• …but I have to be honest: it’s gotten way better, and I think it might be being held back a bit by how many of the lower reviews (which may have been more valid at the time) are from earlier days. Had I rated it then, I might have been one of the people posting it.

    I found it, even just a couple months ago, so consistently buggy and unintuitive as to make it nearly unusable, or at best so anxiety-inducing and frustrating that I was planning on how best to confront all of my clients and prepare them with contingency plans for how best to accommodate the forced change.

    That said, the past month or so, heck, even the past couple weeks, have brought it to a point of consistently working, and to practical design, that I have confidence that it’ll get to where it needs to go when the time is right.

    There’s a sort of thing that happens when you set out to do business like this, and that is, you have an idea of what you think people will want and care about, and then you pare down to what you find out they actually *do* care about.

    One of the things that consistently made me anxious is that, even if you didn’t “corrupt” an install with nagging bloatware and glitch-ridden stock themes that didn’t make use of the mechanisms WordPress already had by default, you had this wonderful core product that could be taught (as far as bare bones usability) in ten or fifteen minutes—but with an editor that couldn’t comfortable handle something as basic as two pictures side by side for a so-called “normal” non-tech savvy user.

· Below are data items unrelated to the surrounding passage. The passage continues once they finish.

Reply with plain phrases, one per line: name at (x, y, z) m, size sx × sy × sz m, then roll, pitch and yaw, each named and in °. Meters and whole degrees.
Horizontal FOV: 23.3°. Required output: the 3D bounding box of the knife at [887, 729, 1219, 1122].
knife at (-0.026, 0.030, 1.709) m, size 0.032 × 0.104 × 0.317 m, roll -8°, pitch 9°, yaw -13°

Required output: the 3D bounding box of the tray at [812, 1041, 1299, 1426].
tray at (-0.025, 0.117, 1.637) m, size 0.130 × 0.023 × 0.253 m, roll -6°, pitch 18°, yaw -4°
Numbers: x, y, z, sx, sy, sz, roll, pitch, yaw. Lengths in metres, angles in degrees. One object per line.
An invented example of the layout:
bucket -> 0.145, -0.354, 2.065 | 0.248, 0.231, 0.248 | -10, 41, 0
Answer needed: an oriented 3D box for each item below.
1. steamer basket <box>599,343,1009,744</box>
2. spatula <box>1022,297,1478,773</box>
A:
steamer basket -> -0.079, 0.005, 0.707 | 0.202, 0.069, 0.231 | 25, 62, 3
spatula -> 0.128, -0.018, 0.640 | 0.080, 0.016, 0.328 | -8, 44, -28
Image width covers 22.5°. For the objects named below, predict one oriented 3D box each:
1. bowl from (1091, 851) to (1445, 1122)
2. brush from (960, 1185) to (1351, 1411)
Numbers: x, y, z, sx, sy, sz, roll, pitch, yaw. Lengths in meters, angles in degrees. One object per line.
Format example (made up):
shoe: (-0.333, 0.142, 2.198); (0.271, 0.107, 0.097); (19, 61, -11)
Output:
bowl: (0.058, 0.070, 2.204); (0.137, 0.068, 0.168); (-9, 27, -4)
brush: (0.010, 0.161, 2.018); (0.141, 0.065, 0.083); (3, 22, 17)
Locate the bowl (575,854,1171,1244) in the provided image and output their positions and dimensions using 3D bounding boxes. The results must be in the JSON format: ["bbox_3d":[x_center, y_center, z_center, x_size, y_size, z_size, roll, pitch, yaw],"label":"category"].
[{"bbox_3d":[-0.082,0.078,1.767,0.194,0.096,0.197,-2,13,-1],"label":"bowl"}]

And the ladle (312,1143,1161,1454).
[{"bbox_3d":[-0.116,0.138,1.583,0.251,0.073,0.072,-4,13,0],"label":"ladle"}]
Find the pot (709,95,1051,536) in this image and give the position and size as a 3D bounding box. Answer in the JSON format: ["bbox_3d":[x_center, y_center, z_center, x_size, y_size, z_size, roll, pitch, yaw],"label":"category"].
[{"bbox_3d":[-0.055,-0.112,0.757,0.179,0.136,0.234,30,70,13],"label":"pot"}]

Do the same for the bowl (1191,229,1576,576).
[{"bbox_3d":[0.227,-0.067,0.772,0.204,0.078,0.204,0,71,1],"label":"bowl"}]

    All of which is to say, the option of having an easily accessible page-builder-like system is a welcome one. I’ve been so spoiled by things like Elementor because it makes sense to me and the way that -I- work and think that there are moments when you think of it (or whatever your favorite tools are) being made core to fill needs like that. But I’m not everyone, and while they’re not being positioned as competing products, there are people that swear by the way Gutenberg does things and find everything else to be madness.

    So I can’t review it like that except to say, I have my preferences. I don’t like how inconsequential the button to add stuff is, or that when I click it, even in full screen, I have to hunt each time for the thing I want (sometimes docks are nice…collapsible isn’t an always-never thing, and maybe that’s even changed or going to change soon)….so I can mention things like that, but I wouldn’t necessarily rate down for it so much as report it.

    I also don’t care for finding out the difference between back end and front end when that’s not strictly necessary, or trying to present the software overall as “hey, you can do it yourself” in a responsive world without being able to responsively change things without stylesheet edits (which makes sense to me in terms of separation of “powers” but which they won’t do). It’s just not necessary, but that’s a choice of Gutenberg, not a flaw, and it presents cleanly! I also like knowing what all my options are ahead of time, instead of finding them out in increments, and on its best day it’s still a hot mess to get drag and drop and the new handles to behave (but that’s most of these plugins, so it may be par for the course past a point).

    Long story short, I am giving this a four to reward progress, and to offset the initial hate-stars for the greater good; I look forward to seeing the fruits of the continuing work toward more compatibility with existing themes/plugins/data structures. It’s a bit weird to rate something in progress, but it is here right now open to use and to scrutiny, so I’m just reviewing it right now, too.